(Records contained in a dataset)
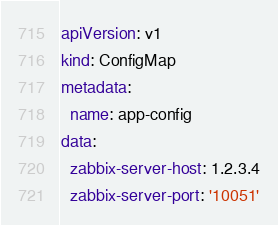<code> <loc_0><loc_0><loc_500><loc_500><_YAML_>apiVersion: v1
kind: ConfigMap
metadata:
  name: app-config
data:
  zabbix-server-host: 1.2.3.4
  zabbix-server-port: '10051'
</code> 
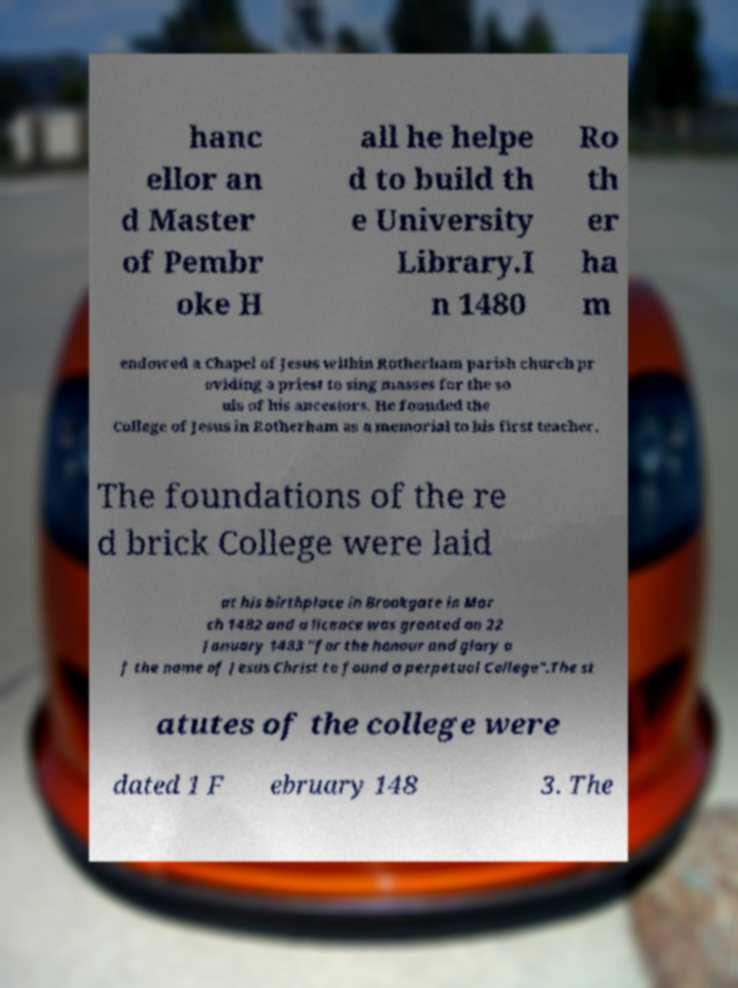For documentation purposes, I need the text within this image transcribed. Could you provide that? hanc ellor an d Master of Pembr oke H all he helpe d to build th e University Library.I n 1480 Ro th er ha m endowed a Chapel of Jesus within Rotherham parish church pr oviding a priest to sing masses for the so uls of his ancestors. He founded the College of Jesus in Rotherham as a memorial to his first teacher. The foundations of the re d brick College were laid at his birthplace in Brookgate in Mar ch 1482 and a licence was granted on 22 January 1483 "for the honour and glory o f the name of Jesus Christ to found a perpetual College".The st atutes of the college were dated 1 F ebruary 148 3. The

### Activity
Work out how many lines in this data contain "server". Only that number should be given.

### Solution for this exercise
2